Original Slack Thread

In python, is there a good way to search a DatahubGraph for dataset urns filtered by properties or is would this require a more explicit query? .get_urns_by_filter doesnt seem to include properties as an option, so the only way i can think to do this through the python api is to .list_all_entity_urns and .get_dataset_properties on each urn to check if the property matches my target, which seems inefficient

You can pass extraFilters into the get_urns_by_filter method. I believe custom properties are indexed in ElasticSearch, although I don’t remember the exact syntax required

I’d also be open to a PR that adds filters for custom properties as a first-class filter arg on that method

Thanks Harshal, taking a look now. I’ll send up a pr once i get it running. The docs are a little sparse for filters and custom filters, do you have any examples of them in action i could take a look at?

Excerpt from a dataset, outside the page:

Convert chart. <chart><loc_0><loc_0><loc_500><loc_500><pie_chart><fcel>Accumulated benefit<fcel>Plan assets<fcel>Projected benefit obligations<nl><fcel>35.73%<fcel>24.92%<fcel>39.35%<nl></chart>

There’s not a ton of good docs - there’s a bit here https://datahubproject.io/docs/next/how/search/#graphql, but it is sparse

The filters are passed directly through to ElasticSearch, so you can also reference their docs on their query DSL. Also, I sometimes inspect the network traffic in my browser to see example graphql queries

Thanks Harshal looking through this this morning

Posting for posterity in case anyone stumbles across this thread in the future.

attachment

This is how to structure your search by property through the python API

Harshal’s link is useful, as is his tip about inspecting your network traffic. <About DataHub Search | DataHub page> section has a good selection of queries to inspect.